Asril is also better prepared to provide his charges with opportunities to exercise the behaviors they would normally exhibit in the wild—promoting their health by keeping them active and engaged with their environment. And he has new tools to help him teach the basic skills of climbing and finding food that are essential to survival in the wild.

While Asril’s training at Brookfield Zoo cannot put more hours in the day, it is letting him make better use of the time he has – so he can provide more and higher-quality care to the orangutans he protects. And with a species in danger of extinction, every bit of care helps.

Behavioral husbandry techniques encourage orangutans to participate in their own care while providing them with a more stimulating and engaging environment.
The gathered experts issued a range of recommendations to be implemented in the coming months and years. CZS wasted no time carrying out one important action step: providing caretakers from Indonesian and Malaysian orangutan sanctuaries with expert training in orangutan husbandry at North American zoos.

While the workshop was still in its planning stages, CZS issued an extended invitation to Asril, asking him to stay after the workshop in order to work with TropicWorld/Asia Lead Keeper, Carol Sodaro and other orangutan keepers at the zoo.

Asril is an expert in providing urgent hands-on care to orangutans in crisis. At the workshop, he shared his experiences directing a quarantine facility that now sadly shelters numerous wild animals every year. For many of the orangutans he works with, rehabilitation is a lengthy process, requiring months if not years of care. So Asril came to Brookfield Zoo with a particular interest in behavioral husbandry techniques employed by Sodaro and other CZS keepers to enhance the long-term care of orangutans.

These techniques include conditioning programs that encourage orangutans to participate in their own care while providing them with a more stimulating and engaging environment. Behavioral husbandry techniques can potentially enhance the quality of care provided not only by Asril, but by other orangutan sanctuary workers in Indonesia and Malaysia.

The zoo environment is an ideal training environment because it allows sanctuary workers to watch keepers in action. “Many times the keepers from America want to go help wild orangutans in Indonesia or Malaysia,” said Sodaro. “However, due to the language barrier and other logistics, it’s much more productive if sanctuary workers come to work here.”

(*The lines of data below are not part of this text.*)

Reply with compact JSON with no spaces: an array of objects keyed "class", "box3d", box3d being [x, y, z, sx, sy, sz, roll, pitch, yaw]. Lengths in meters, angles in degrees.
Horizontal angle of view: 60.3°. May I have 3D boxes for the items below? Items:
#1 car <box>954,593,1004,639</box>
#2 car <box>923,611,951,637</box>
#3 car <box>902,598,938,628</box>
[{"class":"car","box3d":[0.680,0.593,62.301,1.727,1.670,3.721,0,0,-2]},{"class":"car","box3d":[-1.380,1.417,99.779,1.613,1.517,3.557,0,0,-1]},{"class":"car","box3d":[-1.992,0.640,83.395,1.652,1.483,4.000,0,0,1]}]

Sodaro and the staff of Tropic World have a lot of knowledge to share. When it comes to orangutan husbandry, they literally wrote the book. They recently reworked the husbandry manual used in all AZA orangutan facilities. With so much knowledge available, Asril had to focus his training.

In the two weeks that he worked closely with Tropic World Staff and the zoo’s eight orangutans, Asril concentrated on learning techniques that would improve the level of care he provides to long-term occupants of his quarantine facility, allowing him to provide medical care more easily, for example, or to create opportunities for orangutans to engage in behaviors they exhibit in the wild.

Asril is only the first of many orangutan sanctuary workers that CZS would like to invite to Brookfield Zoo for in-depth training. This is one of the many ways that CZS is promoting species well-being around the world. In addition to caring for the orangutans at the zoo, CZS is reaching out to help the wild orangutan populations in Indonesia and Malaysia.

This training program makes wise use of one of CZS’s most valuable resource – knowledge and experience in animal husbandry, welfare and conservation. For every sanctuary worker trained in behavioral husbandry techniques, there are hundreds of orangutans whose lives will be improved, if not saved.
  
Update: Thanks to Asril and other sanctuary workers, Santi is an orangutan success story! She now lives in the wild, where she is raising her daughter Suci.